» What is expected
Each line of the data holding "dxfattribs" should be found and copied.
━━━━━ Records supplied
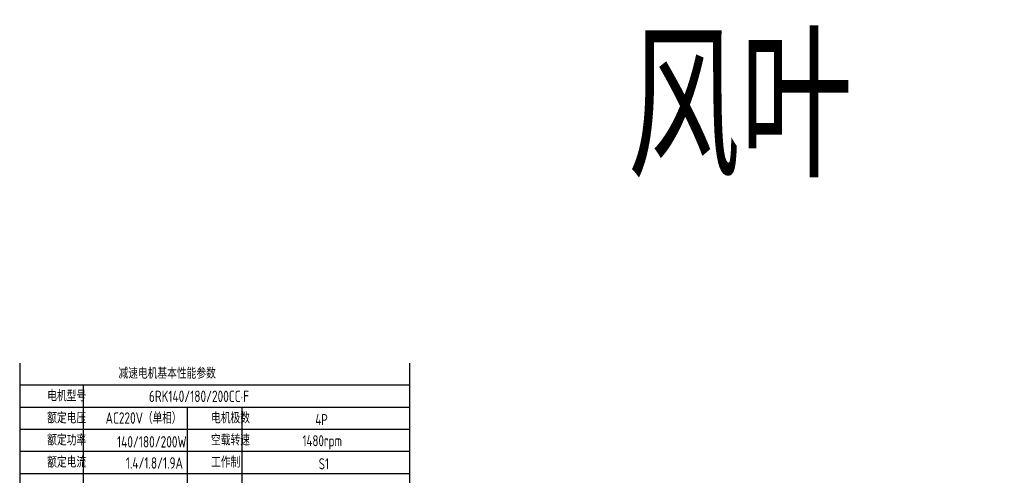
# Model space of a CAD drawing. Header units: inches. Extents: x 675 to 6233, y 11 to 1887.
# Tile 12 of 48: x 2230 to 2929, y 1563 to 1887. Entities that reach past the tile are written whole.
import ezdxf

# ---------------------------------------------------------------- set-up
doc = ezdxf.new("R2010")
doc.units = ezdxf.units.IN
doc.header["$LTSCALE"] = 10
doc.header["$MEASUREMENT"] = 0
for name, color, linetype in [('1轮廓实线层', 7, 'Continuous'), ('2细线层', 4, 'Continuous'), ('6文字层', 3, 'Continuous')]:
    doc.layers.add(name, color=color, linetype=linetype)
doc.styles.add('PC_TEXTSTYLE', font='isocp.shx', dxfattribs={"width": 0.8, "bigfont": 'HZFS.SHX'})

msp = doc.modelspace()

# ---------------------------------------------------------------- linework, layer by layer
at = {"layer": '1轮廓实线层'}
for p, q in [((2229.702384, 1642.616777), (2229.702384, 1475.676203)), ((2229.702384, 1642.616777), (2229.702384, 1469.830879)), ((2506.649219, 1642.616782), (2506.649219, 1195.691478))]:
    msp.add_line(p, q, dxfattribs=at)
at = {"layer": '2细线层'}
for p, q in [((2506.649219, 1626.908968), (2229.702384, 1626.908968)), ((2274.710549, 1626.908968), (2274.710549, 1501.246497)), ((2506.649219, 1611.201159), (2229.702384, 1611.201159)), ((2348.692211, 1611.201159), (2348.692211, 1501.246497)), ((2387.436502, 1611.201159), (2387.436502, 1501.246497)), ((2506.649219, 1595.49335), (2229.702384, 1595.49335)), ((2506.649219, 1579.785541), (2229.702384, 1579.785541)), ((2506.649219, 1564.077732), (2229.702384, 1564.077732))]:
    msp.add_line(p, q, dxfattribs=at)

# ---------------------------------------------------------------- texts
at = {"layer": '6文字层', "attachment_point": 1, "style": 'PC_TEXTSTYLE'}
for s, insert, char_height, width in [('{\\C3;风叶}', (2661.407799, 1874.614855), 100, 584.93941577), ('{\\C3;减速电机基本性能参数}', (2299.894324, 1639.445832), 7.85390444, 91.6376662), ('{\\C3;         电机型号 }', (2216.937489, 1623.396996), 7.85390444, 91.6376662), ('\\pi7.124;{\\C3;      6RK140/180/200CC·F}', (2292.153299, 1623.149389), 8.10055599, 112.36504937), ('{\\C3;         额定电压}', (2216.937489, 1607.689187), 7.85390444, 91.6376662), ('{\\C3;       AC220V（单相）}', (2264.782376, 1607.723417), 8.10055599, 94.51554332), ('{\\C3;         电机极数}', (2333.314527, 1607.689187), 7.85390444, 91.6376662), ('{\\C3;         4P}', (2407.333572, 1606.483596), 7.85390444, 91.6376662), ('{\\C3;         额定功率}', (2216.937489, 1591.981378), 7.85390444, 91.6376662), ('{\\C3;             140/180/200W}', (2250.703091, 1590.805098), 8.10055599, 94.51554332), ('{\\C3;         空载转速}', (2333.314527, 1591.981378), 7.85390444, 91.6376662), ('{\\C3;          1480rpm}', (2394.664471, 1591.45773), 7.85390444, 91.6376662), ('{\\C3;         额定电流}', (2216.937489, 1576.27357), 7.85390444, 91.6376662), ('{\\C3;              1.4/1.8/1.9A}', (2253.22349, 1575.796402), 8.10055599, 94.51554332), ('{\\C3;         工作制}', (2333.314527, 1576.27357), 7.85390444, 91.6376662), ('{\\C3;           S1}', (2402.600353, 1575.067978), 7.85390444, 91.6376662)]:
    msp.add_mtext(s, dxfattribs=dict(at, insert=insert, char_height=char_height, width=width))

doc.saveas('drawing.dxf')
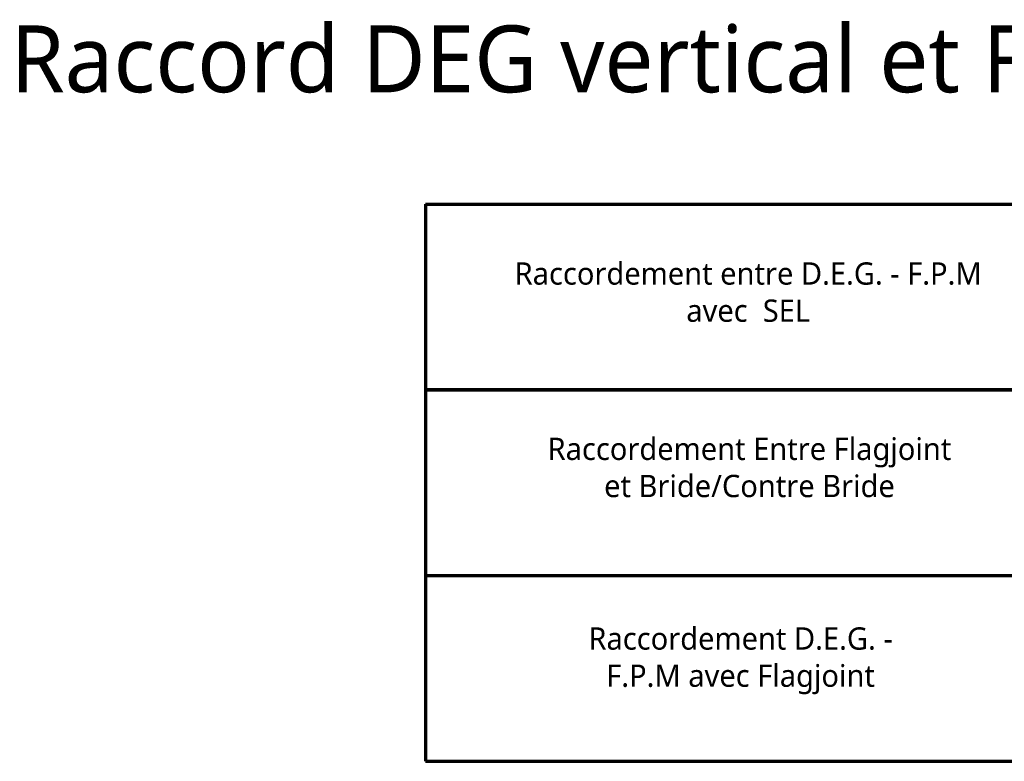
# Model space of a CAD drawing. Header units: millimetres. Extents: x -3314 to 21255525, y -15000 to 1735000.
# Tile 42 of 108: x 22092 to 26508, y 1449 to 4776. Entities that reach past the tile are written whole.
import ezdxf

# ---------------------------------------------------------------- set-up
doc = ezdxf.new("R2010")
doc.units = ezdxf.units.MM
doc.linetypes.add('CONTINU', pattern=[0])
doc.layers.add('Dessin_TEXTES', color=7, linetype='CONTINU')
doc.styles.add('Arial', font='segoeui.ttf')

msp = doc.modelspace()

# ---------------------------------------------------------------- linework, layer by layer
at = {"layer": 'Defpoints', "lineweight": 70}
for p, q in [((23911.2504, 3949.23), (27941.4356, 3949.23)), ((23911.2504, 3949.23), (23911.2504, 1448.9435)), ((23911.2504, 3115.8012), (27941.4356, 3115.8012)), ((26801.8084, 3115.8012), (23911.2504, 3115.8012)), ((23911.2504, 2282.3723), (27941.4356, 2282.3723)), ((23911.2504, 1448.9435), (27941.4356, 1448.9435))]:
    msp.add_line(p, q, dxfattribs=at)

# ---------------------------------------------------------------- texts
at = {"layer": 'Dessin_TEXTES', "style": 'Arial'}
msp.add_text('Raccord DEG vertical et FPM horizontale', height=300, dxfattribs=at).set_placement((22050.2504, 4450.6435))
at = {"layer": 'Dessin_TEXTES', "char_height": 100, "attachment_point": 2, "style": 'Arial'}
for s, insert, width in [('Raccordement entre D.E.G. - F.P.M avec  SEL', (25359.2211, 3687.6132), 2275.941294), ('Raccordement Entre Flagjoint et Bride/Contre Bride', (25364.9157, 2900.9345), 1853.785376), ('Raccordement D.E.G. - F.P.M avec Flagjoint', (25325.023, 2049.9345), 1606)]:
    msp.add_mtext(s, dxfattribs=dict(at, insert=insert, width=width))

doc.saveas('drawing.dxf')
━━━━━━━━━━
» Solved exercise
doc.styles.add('PC_TEXTSTYLE', font='isocp.shx', dxfattribs={"width": 0.8, "bigfont": 'HZFS.SHX'})
    msp.add_line(p, q, dxfattribs=at)
    msp.add_line(p, q, dxfattribs=at)
    msp.add_mtext(s, dxfattribs=dict(at, insert=insert, char_height=char_height, width=width))
    msp.add_line(p, q, dxfattribs=at)
msp.add_text('Raccord DEG vertical et FPM horizontale', height=300, dxfattribs=at).set_placement((22050.2504, 4450.6435))
    msp.add_mtext(s, dxfattribs=dict(at, insert=insert, width=width))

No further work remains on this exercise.